Confusing between Thrift API and CQL - cassandra

I am working in a Java web application, using NoSQL (target is Cassandra). I use Astyanax as Cassandra client since it is suggested the best client of Cassandra for now. I've just approached Cassandra for 2 weeks, so many things is so weird to me.
During my working, I encountered some problems and I do not know how to overcome:
Is table created from CQL like column family created by Thrift API? I feel they are similar, but maybe there are some differences behind. For example:
table create by CQL command cannot be accessed by Thrift API
Thrift-based APIs cannot work with tables created by CQL, but CQL methods can access column family created by Thrift API!
​Is primary key in table correspond to row key in column family?
In CQL I can declare a table which contains a collection/set/map inside.
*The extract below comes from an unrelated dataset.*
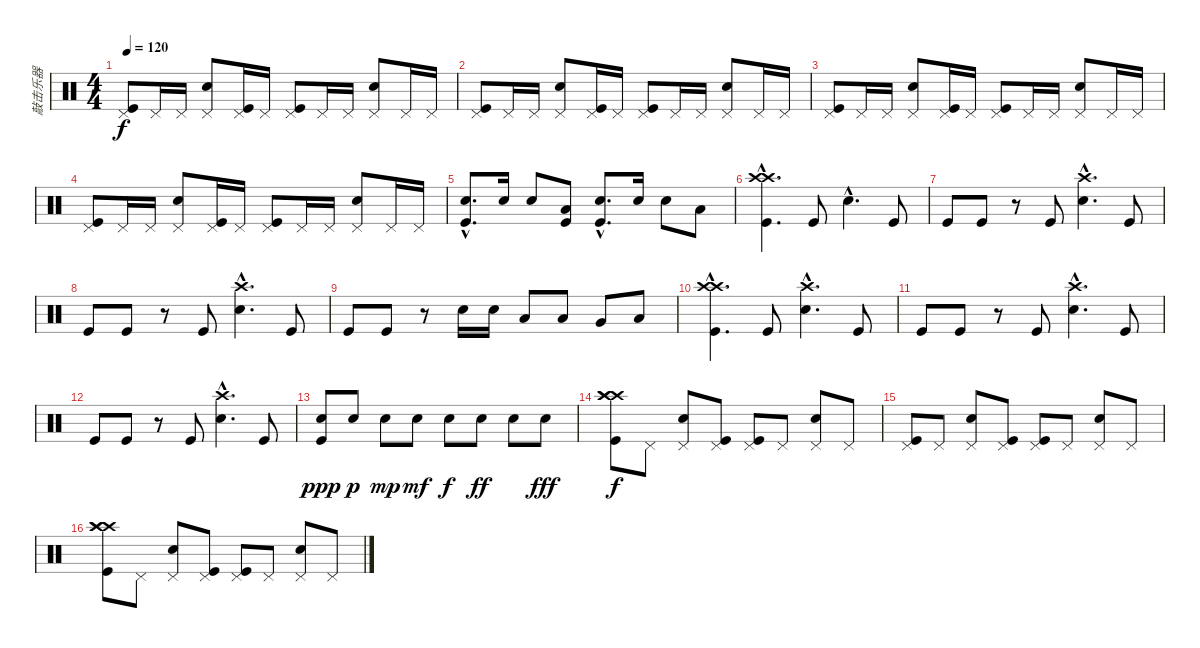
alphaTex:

Can I do the same thing in Thrift API?
If my application needs both of them (column families and tables), how can they deal with each other?
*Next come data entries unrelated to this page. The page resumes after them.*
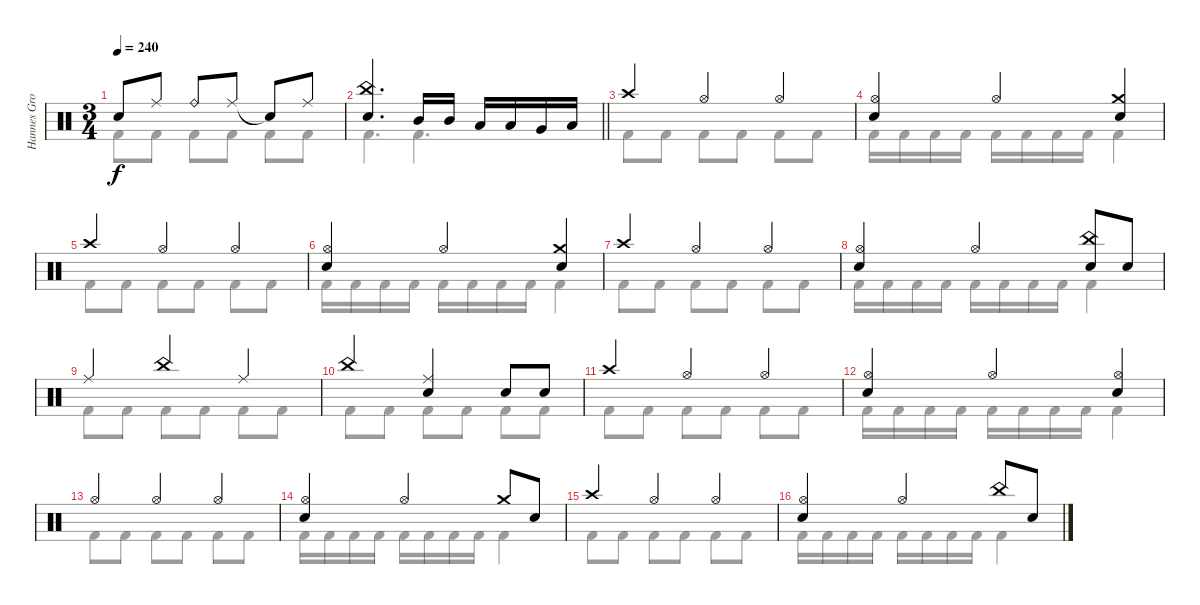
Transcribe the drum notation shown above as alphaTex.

\track ("Hannes Grossmann - drums" "Hannes Gro") {instrument percussion}
\staff {score}
\articulation defaults
\voice
\ts (3 4)
\tempo 240
\clef neutral
\ks c "Snare (hit)"{t}.8{dy f} "Ride (middle)".8 "Ride (bell)".8 "Ride (middle)".8 "Snare (hit)"{t}.8 "Ride (middle)".8
|
\barLineRight lightlight
("China (hit)" "Electric Snare (hit)").4{d} "Mid Tom (hit)".16 "Mid Tom (hit)".16 "Low Tom (hit)".16 "Low Tom (hit)".16 "Very Low Tom (hit)".16 "Low Floor Tom (hit)".16 |
"Crash high (hit)".4 "Hi-Hat (open)".4 "Hi-Hat (open)".4 |
("Hi-Hat (open)" "Electric Snare (hit)").4 "Hi-Hat (open)".4 ("Crash medium (hit)" "Electric Snare (hit)").4 |
"Crash high (hit)".4 "Hi-Hat (open)".4 "Hi-Hat (open)".4 |
("Hi-Hat (open)" "Electric Snare (hit)").4 "Hi-Hat (open)".4 ("Crash medium (hit)" "Electric Snare (hit)").4 |
"Crash high (hit)".4 "Hi-Hat (open)".4 "Hi-Hat (open)".4 |
("Hi-Hat (open)" "Electric Snare (hit)").4 "Hi-Hat (open)".4 ("China (hit)" "Electric Snare (hit)").8 "Electric Snare (hit)".8 |
"Ride (middle)".4 "China (hit)".4 "Ride (middle)".4 |
"China (hit)".4 ("Ride (middle)" "Electric Snare (hit)").4 "Electric Snare (hit)".8 "Electric Snare (hit)".8 |
"Crash high (hit)".4 "Hi-Hat (open)".4 "Hi-Hat (open)".4 |
("Hi-Hat (open)" "Electric Snare (hit)").4 "Hi-Hat (open)".4 ("Hi-Hat (open)" "Electric Snare (hit)").4 |
"Hi-Hat (open)".4 "Hi-Hat (open)".4 "Hi-Hat (open)".4 |
("Hi-Hat (open)" "Electric Snare (hit)").4 "Hi-Hat (open)".4 "Crash medium (hit)".8 "Electric Snare (hit)".8 |
"Crash high (hit)".4 "Hi-Hat (open)".4 "Hi-Hat (open)".4 |
("Hi-Hat (open)" "Electric Snare (hit)").4 "Hi-Hat (open)".4 "China (hit)".8 "Electric Snare (hit)".8
\voice
\clef neutral
\ottava regular
\simile none
\ks c "Kick (hit) 2".8{dy f} "Kick (hit) 2".8 "Kick (hit) 2".8 "Kick (hit) 2".8 "Kick (hit) 2".8 "Kick (hit) 2".8
|
\barLineRight lightlight "Kick (hit) 2".4{d} "Kick (hit) 2".4{d}
|
"Kick (hit) 2".8 "Kick (hit) 2".8 "Kick (hit) 2".8 "Kick (hit) 2".8 "Kick (hit) 2".8 "Kick (hit) 2".8 |
"Kick (hit) 2".16 "Kick (hit) 2".16 "Kick (hit) 2".16 "Kick (hit) 2".16 "Kick (hit) 2".16 "Kick (hit) 2".16 "Kick (hit) 2".16 "Kick (hit) 2".16 "Kick (hit) 2".4 |
"Kick (hit) 2".8 "Kick (hit) 2".8 "Kick (hit) 2".8 "Kick (hit) 2".8 "Kick (hit) 2".8 "Kick (hit) 2".8 |
"Kick (hit) 2".16 "Kick (hit) 2".16 "Kick (hit) 2".16 "Kick (hit) 2".16 "Kick (hit) 2".16 "Kick (hit) 2".16 "Kick (hit) 2".16 "Kick (hit) 2".16 "Kick (hit) 2".4 |
"Kick (hit) 2".8 "Kick (hit) 2".8 "Kick (hit) 2".8 "Kick (hit) 2".8 "Kick (hit) 2".8 "Kick (hit) 2".8 |
"Kick (hit) 2".16 "Kick (hit) 2".16 "Kick (hit) 2".16 "Kick (hit) 2".16 "Kick (hit) 2".16 "Kick (hit) 2".16 "Kick (hit) 2".16 "Kick (hit) 2".16 "Kick (hit) 2".4 |
"Kick (hit) 2".8 "Kick (hit) 2".8 "Kick (hit) 2".8 "Kick (hit) 2".8 "Kick (hit) 2".8 "Kick (hit) 2".8 |
"Kick (hit) 2".8 "Kick (hit) 2".8 "Kick (hit) 2".8 "Kick (hit) 2".8 "Kick (hit) 2".8 "Kick (hit) 2".8 |
"Kick (hit) 2".8 "Kick (hit) 2".8 "Kick (hit) 2".8 "Kick (hit) 2".8 "Kick (hit) 2".8 "Kick (hit) 2".8 |
"Kick (hit) 2".16 "Kick (hit) 2".16 "Kick (hit) 2".16 "Kick (hit) 2".16 "Kick (hit) 2".16 "Kick (hit) 2".16 "Kick (hit) 2".16 "Kick (hit) 2".16 "Kick (hit) 2".4 |
"Kick (hit) 2".8 "Kick (hit) 2".8 "Kick (hit) 2".8 "Kick (hit) 2".8 "Kick (hit) 2".8 "Kick (hit) 2".8 |
"Kick (hit) 2".16 "Kick (hit) 2".16 "Kick (hit) 2".16 "Kick (hit) 2".16 "Kick (hit) 2".16 "Kick (hit) 2".16 "Kick (hit) 2".16 "Kick (hit) 2".16 "Kick (hit) 2".4 |
"Kick (hit) 2".8 "Kick (hit) 2".8 "Kick (hit) 2".8 "Kick (hit) 2".8 "Kick (hit) 2".8 "Kick (hit) 2".8 |
"Kick (hit) 2".16 "Kick (hit) 2".16 "Kick (hit) 2".16 "Kick (hit) 2".16 "Kick (hit) 2".16 "Kick (hit) 2".16 "Kick (hit) 2".16 "Kick (hit) 2".16 "Kick (hit) 2".4

I recognize one thing: I cannot use Thrift API to do manipulating data on tables create by CQL, and vice versa. I wonder that that, how can I remember which table/column family created from which way so that I can use the correct APIs to process data? For the time being, we don't have a general way to handle two of them, do we? AFAIK, Thrift API and CQL do not have a same interface, so they cannot understand each other?!
Could you please help me explain these things? Thank you so much.

Yes. It's impossible to update the Thrift APIs to be CQL-aware without breaking existing applications. So if you use CQL you are committing to using CQL clients only like the Java driver, and not Astyanax, Hector, et al. But this is no great sacrifice since CQL is much more usable.
For a simple PK (i.e., single column), yes. For a compound PK, it's a bit more complicated.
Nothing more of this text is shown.